Stored data entries:
━━━

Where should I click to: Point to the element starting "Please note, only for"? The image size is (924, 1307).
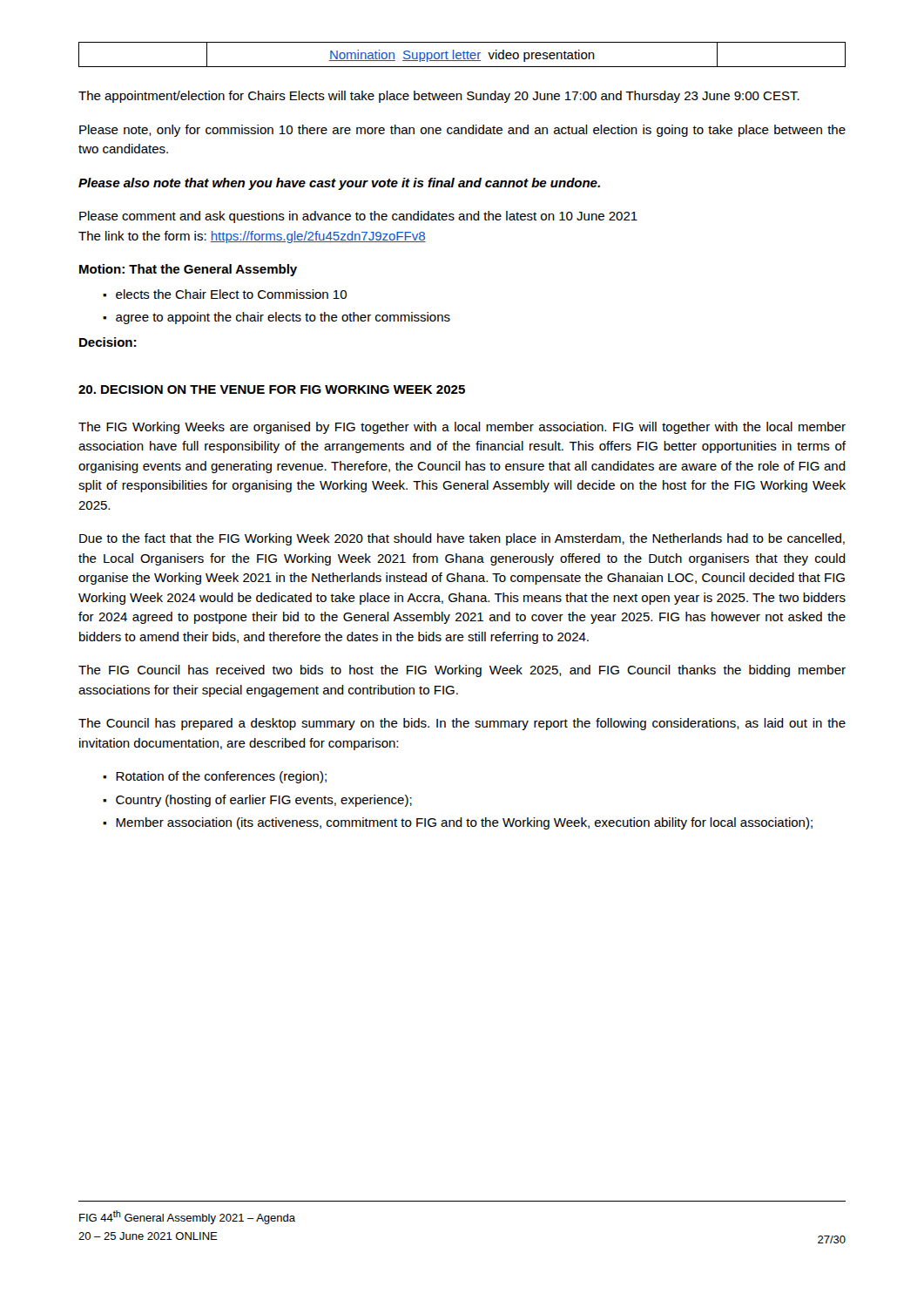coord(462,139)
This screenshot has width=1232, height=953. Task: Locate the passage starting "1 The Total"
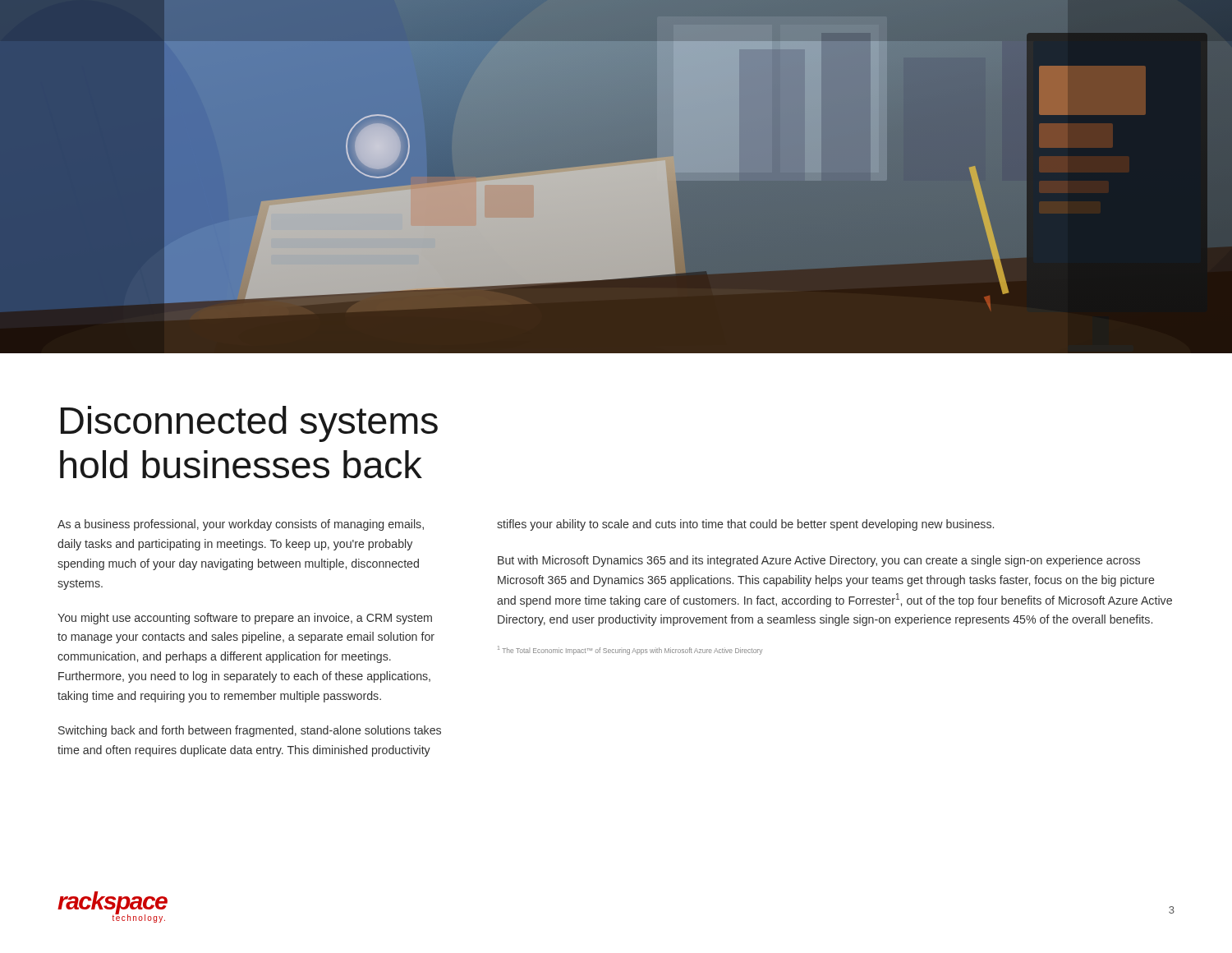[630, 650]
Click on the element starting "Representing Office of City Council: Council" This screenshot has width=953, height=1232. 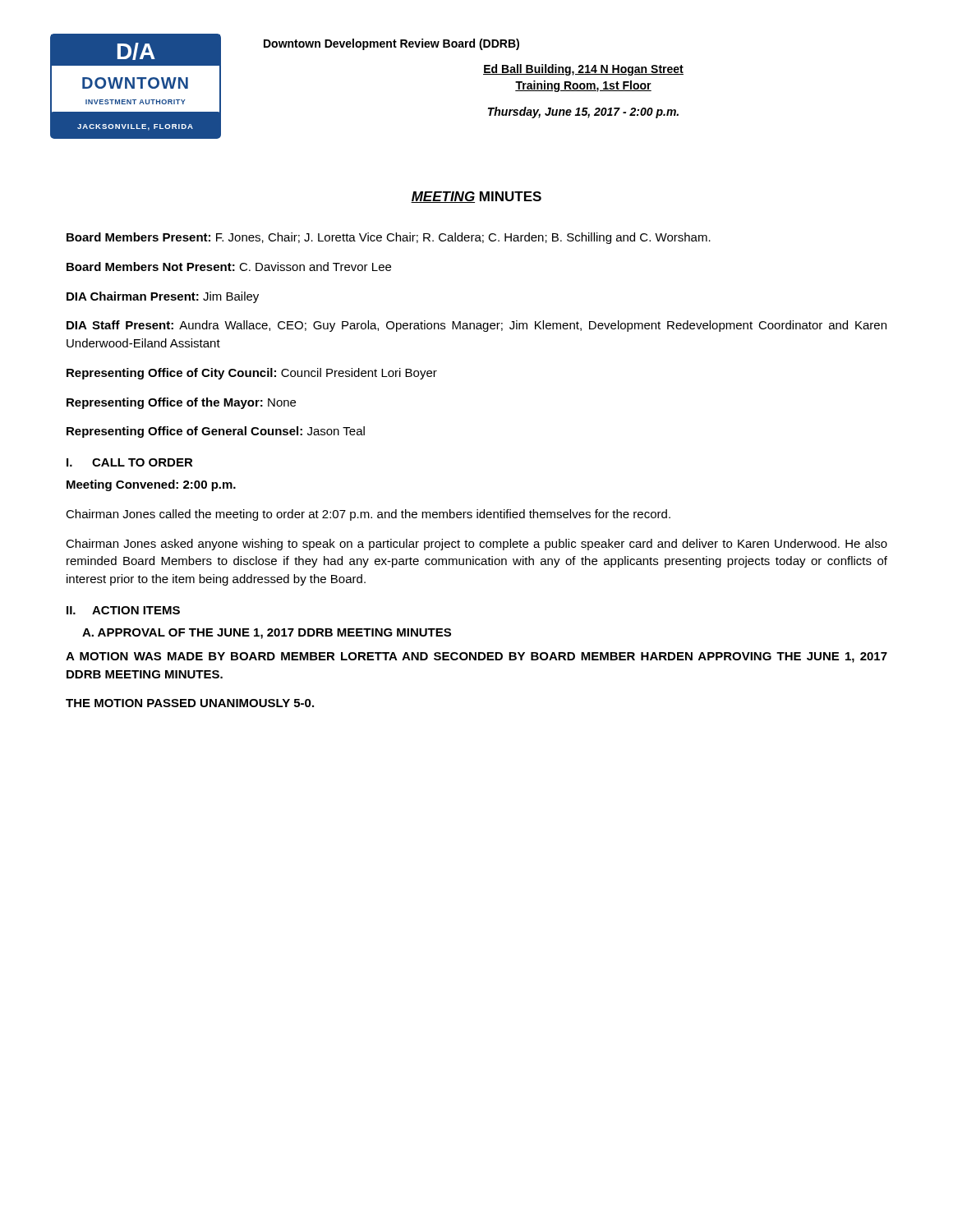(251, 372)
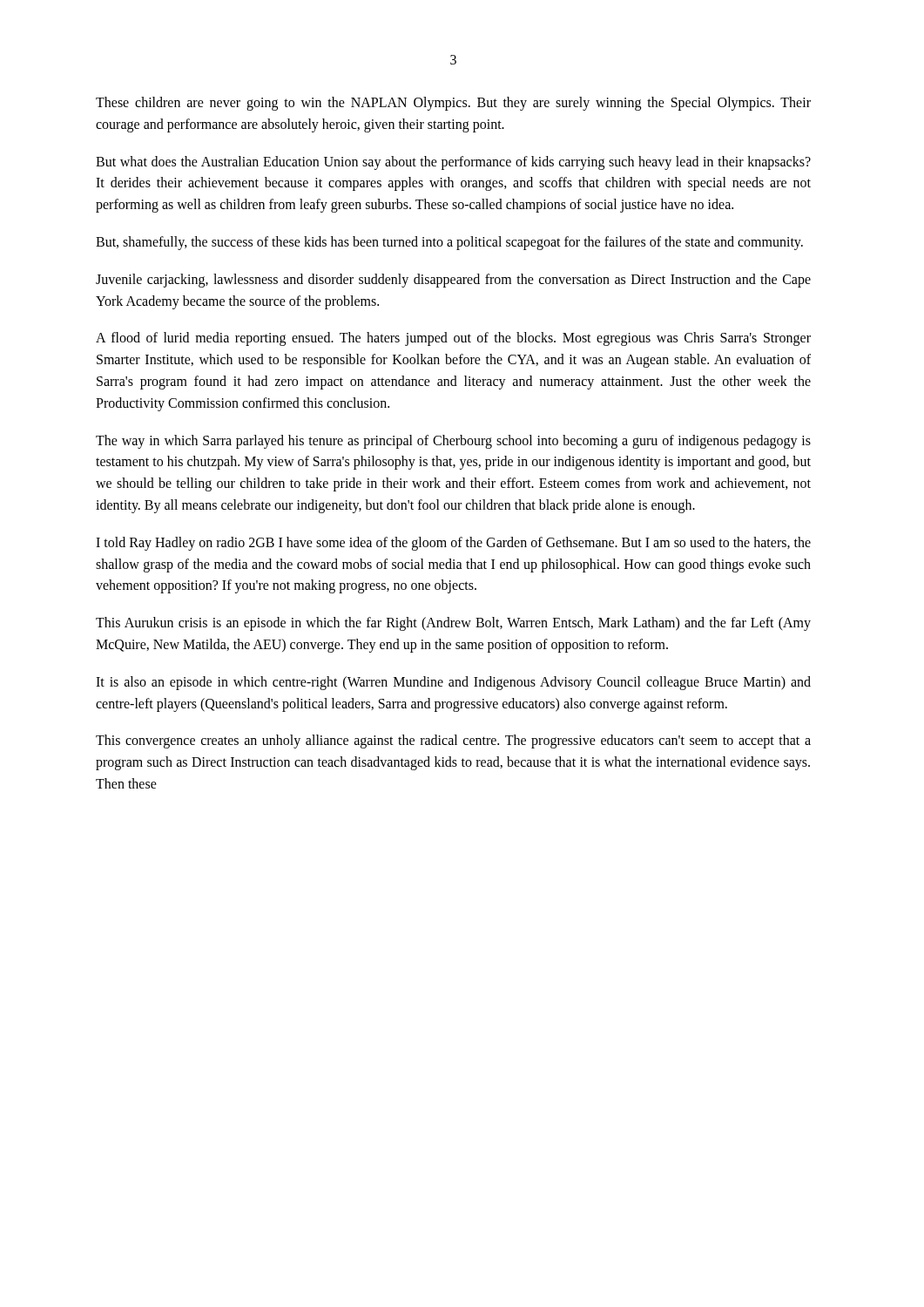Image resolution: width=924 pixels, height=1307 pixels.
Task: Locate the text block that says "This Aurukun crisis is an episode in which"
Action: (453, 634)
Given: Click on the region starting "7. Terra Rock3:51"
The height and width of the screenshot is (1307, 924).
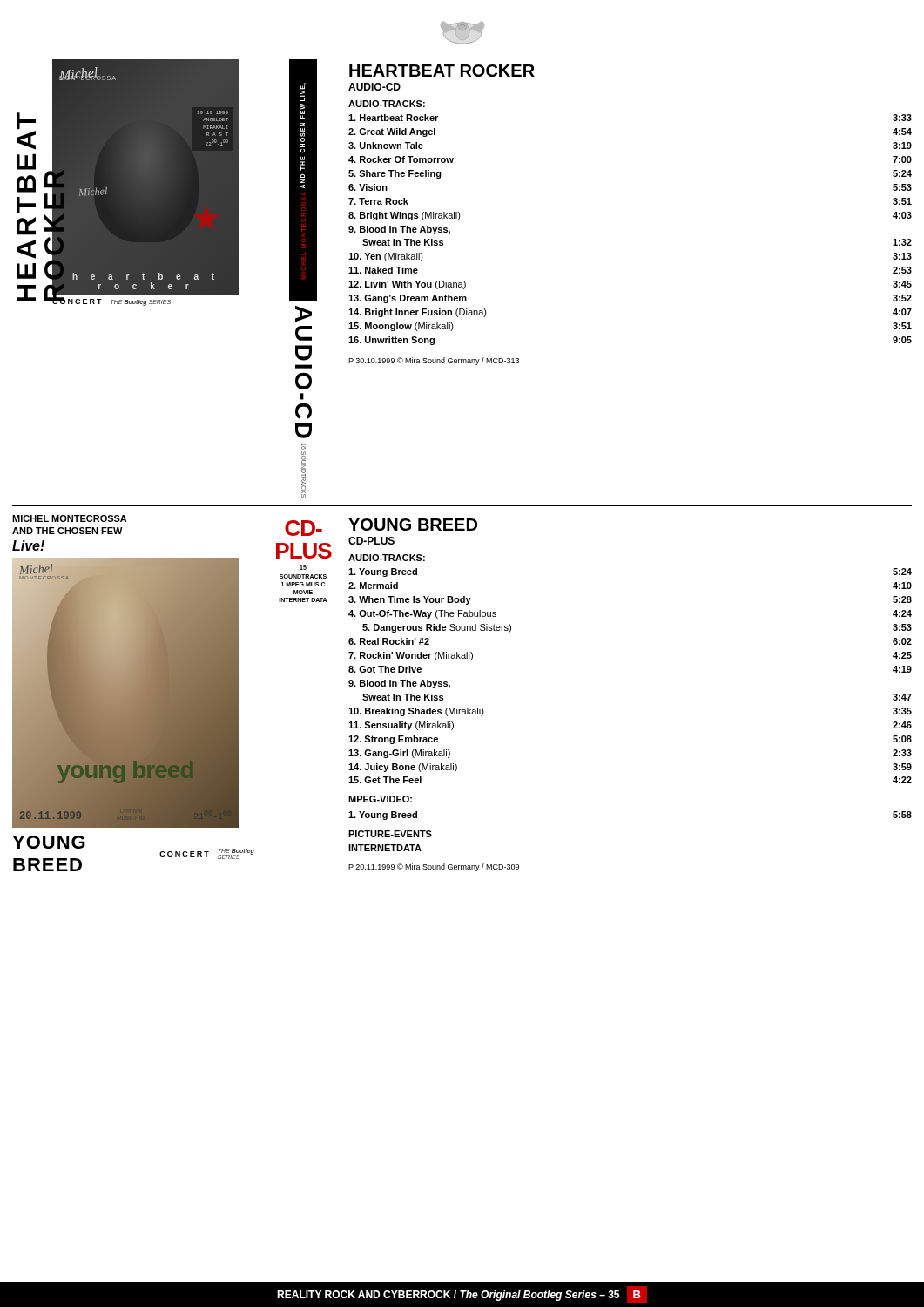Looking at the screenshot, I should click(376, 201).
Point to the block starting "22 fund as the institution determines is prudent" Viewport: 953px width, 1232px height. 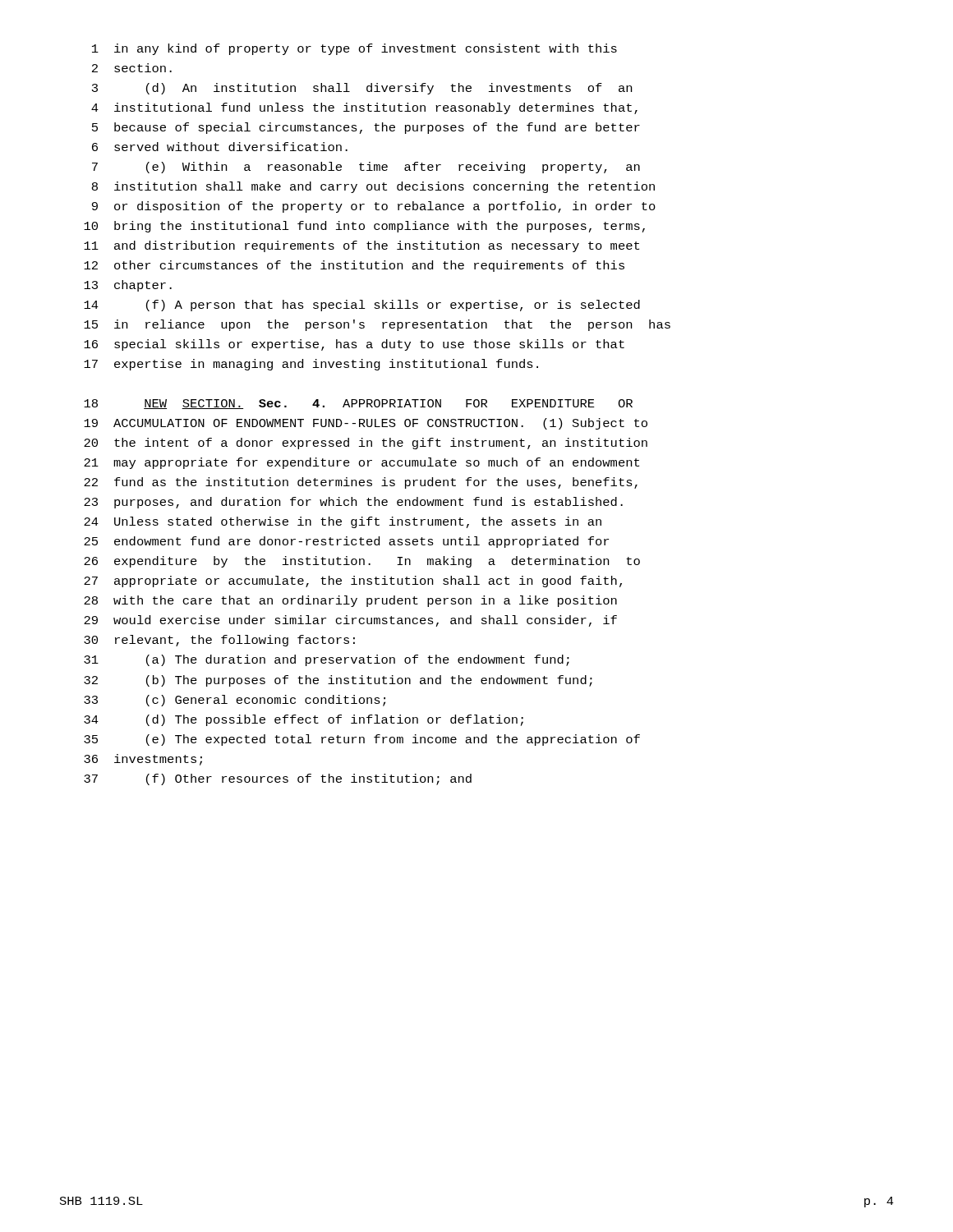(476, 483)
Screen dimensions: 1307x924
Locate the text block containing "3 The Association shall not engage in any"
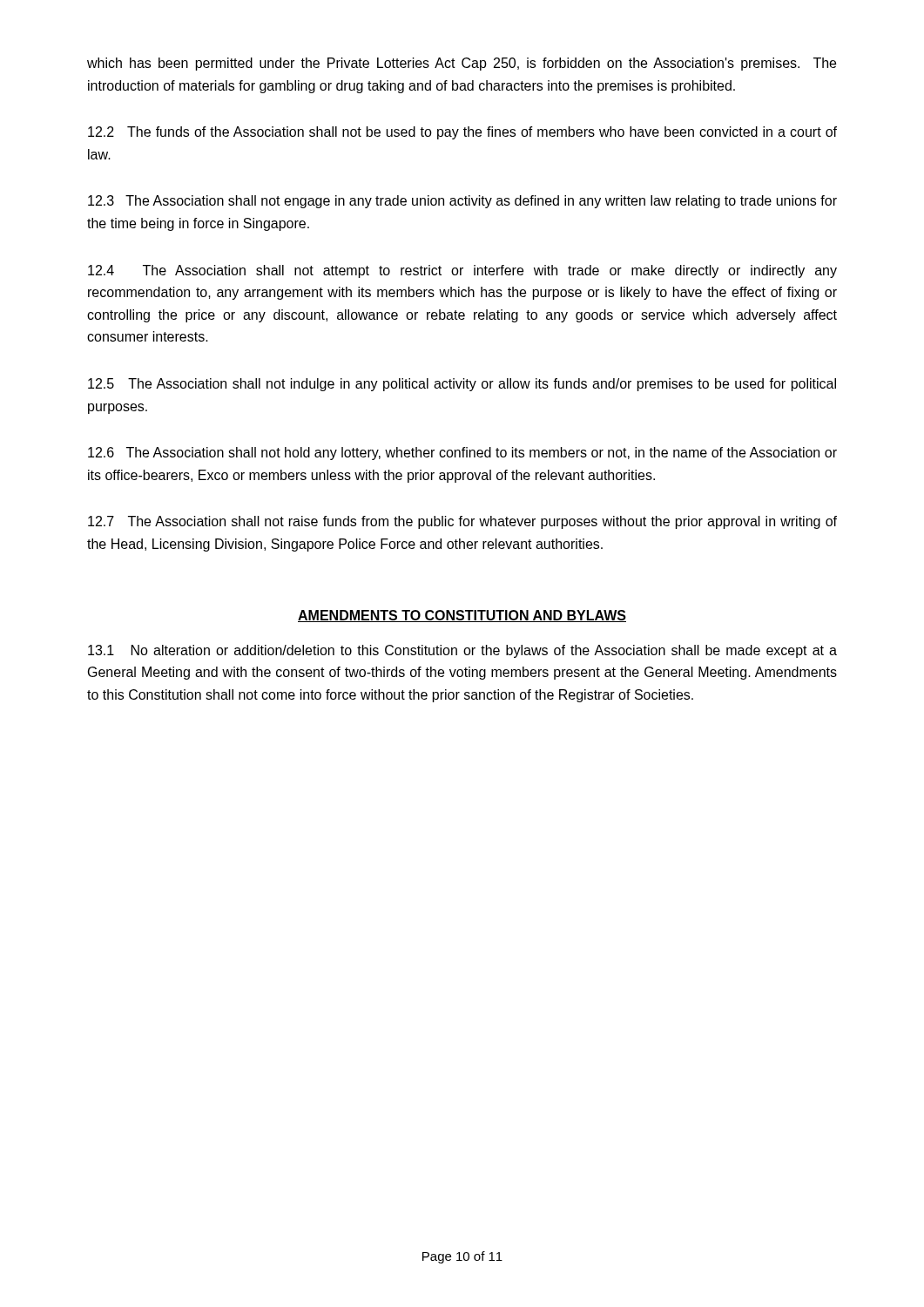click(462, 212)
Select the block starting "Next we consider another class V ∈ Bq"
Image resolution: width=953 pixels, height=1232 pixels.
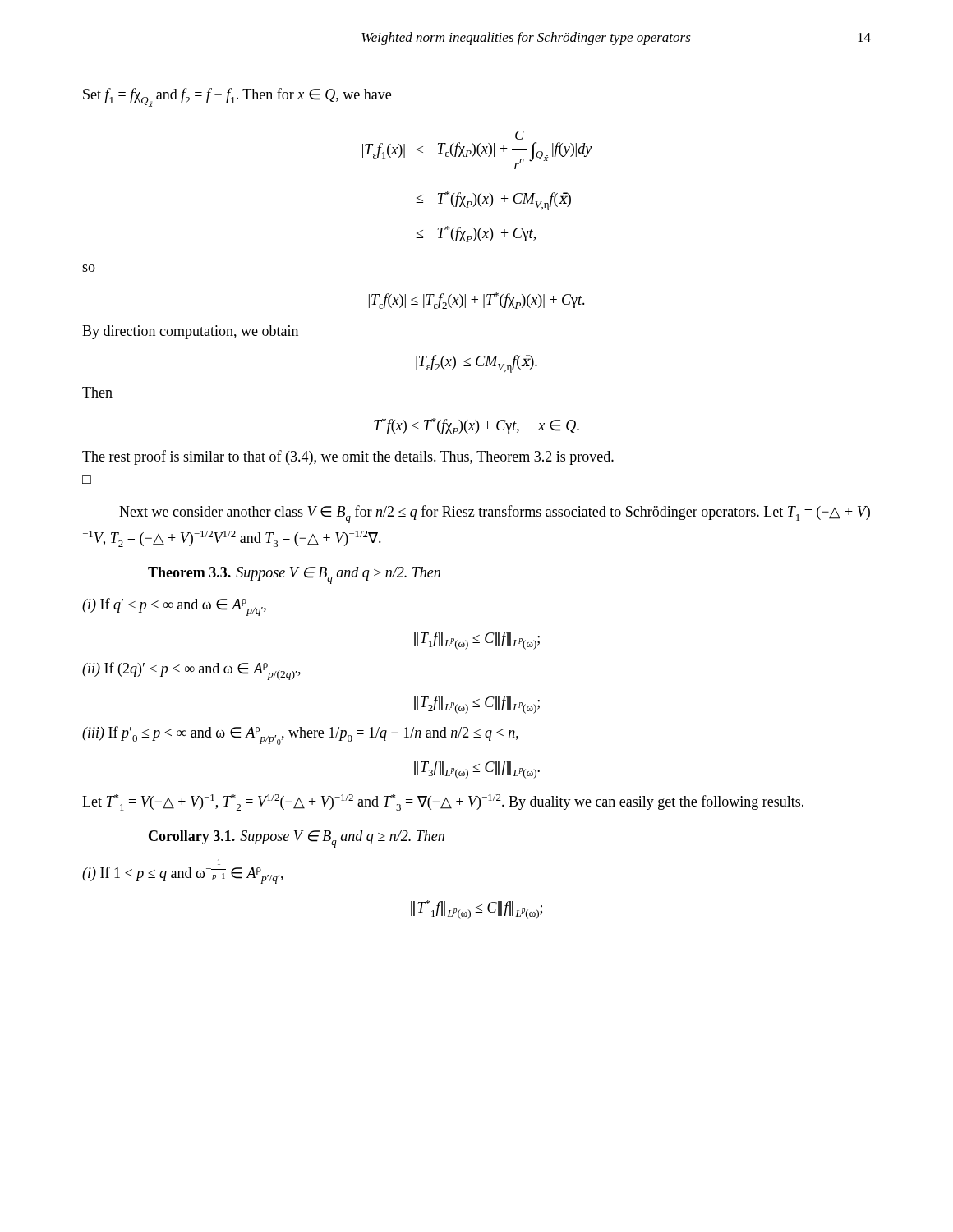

━━━

● **WHAT IS EXPECTED**
Excluding all pictures, print exactly and only the lines from the line with "Select the block" through the end of the records above, both ends included.

● **SOLUTION FOR THIS TASK**
Select the block starting "Next we consider another class V ∈ Bq"
Image resolution: width=953 pixels, height=1232 pixels.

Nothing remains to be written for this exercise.